I was trying to validate API calls with Proxy-Authorization header. So, I made it in standard way - created a new operation filter. When it came to testing it, I ran application, navigated to swagger ui, filled up the fields and tested a call.

Curl was generated properly, all the headers included, but it was not propagated in a call. Everything was described here. Also, I rised this question on stackoverflow.

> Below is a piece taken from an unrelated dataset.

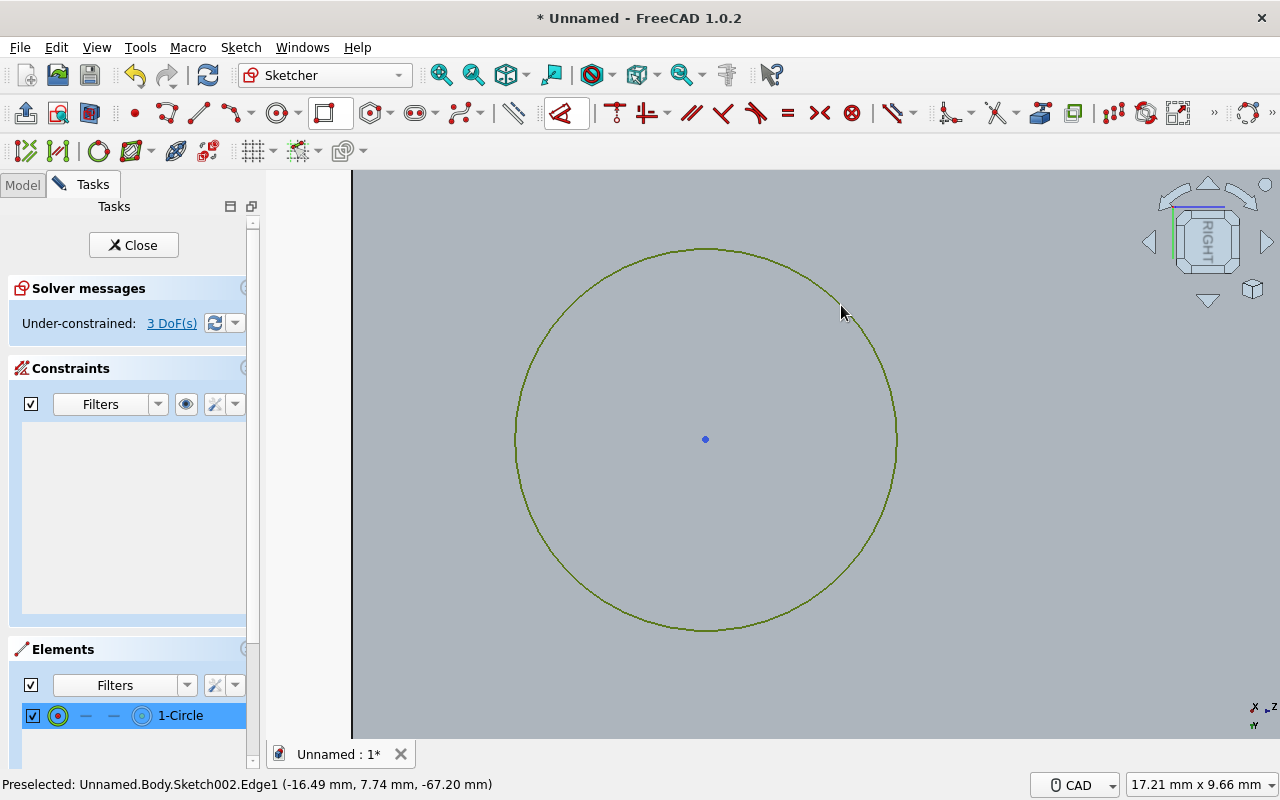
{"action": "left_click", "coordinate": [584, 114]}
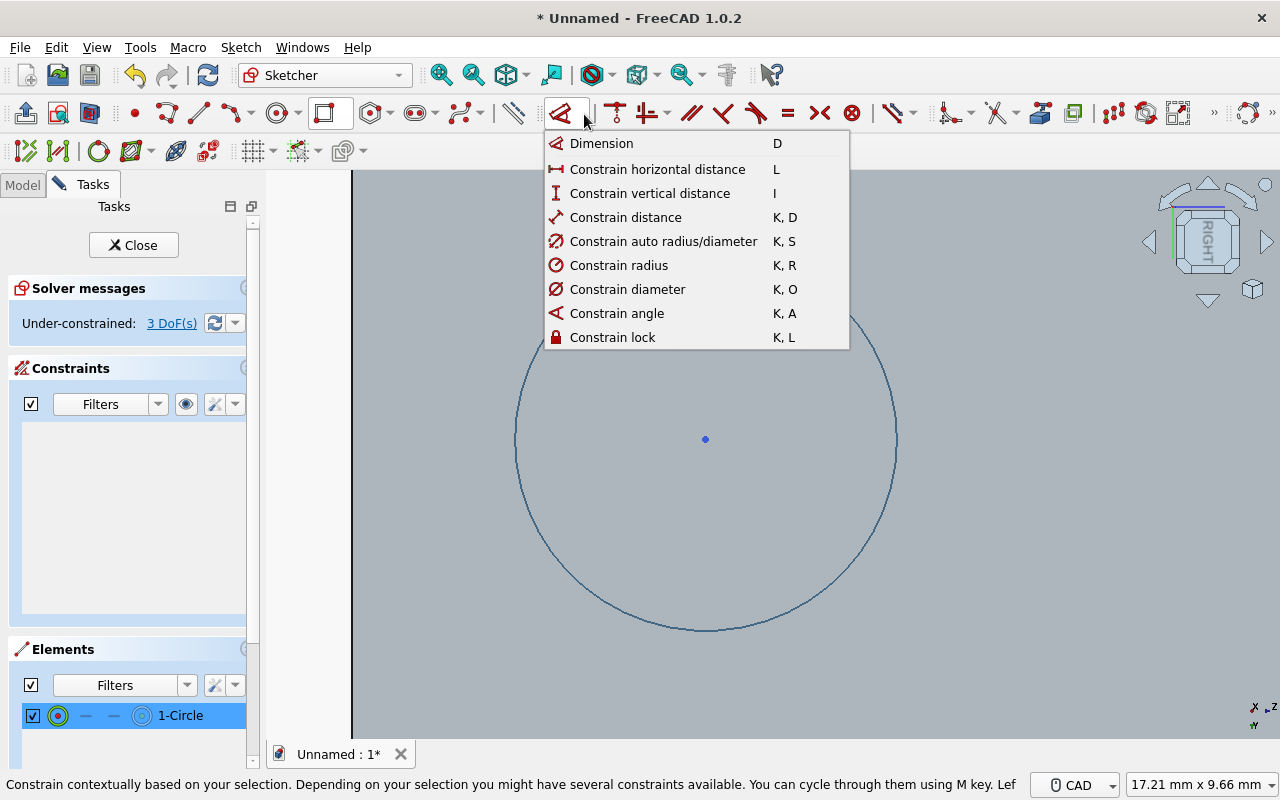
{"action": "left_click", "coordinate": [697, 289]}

Fortunately, one of the swashbuckle contributors (thanks if you are reading), got involved and helped me. He asked me to create a demo project, which showed the whole issue in a very simple way. After creation completed, I've posted an answer on stack, and waited for reply. It went quickly, here swagger-api/swagger-ui the issue was created. There you can find a short explanation why there is no possibility to make a call from a browser with proxy-authorization header set. Basically, there are some headers that are impossible to create on a user-agent side. In that case user-agent is a browser. I wasn't aware of that. My aim for the nearest future is to learn more about http flow stuff. Please look at the list of forbidden headers below:

  • Proxy-
  • Sec-
  • Accept-Charset
  • Accept-Encoding
  • Access-Control-Request-Headers
  • Access-Control-Request-Method
  • Connection
  • Content-Length
  • Cookie
  • Cookie2
  • Date
  • DNT
  • Expect
  • Host
  • Keep-Alive
  • Origin
  • Proxy-
  • Sec-
  • Referer
  • TE
  • Trailer
  • Transfer-Encoding
  • Upgrade
  • Via


We had a need to test an API method from swagger. We have been thinking about that for some time. After a few days, one of my colleagues, came up with the idea. Sure, there is no possibility to set forbidden header from the user-agent, but no one forbid us to set a custom one and rewrite it to proper one on a back-end side.

public override void OnAuthorization(HttpActionContext context)
    var proxyAuthorizationHeader = context.Request.Headers.SingleOrDefault(
        h => h.Key == "ProxyAuthorization");

    if(context.Request.Headers.ProxyAuthorization == null 
        && proxyAuthorizationHeader.Value != null)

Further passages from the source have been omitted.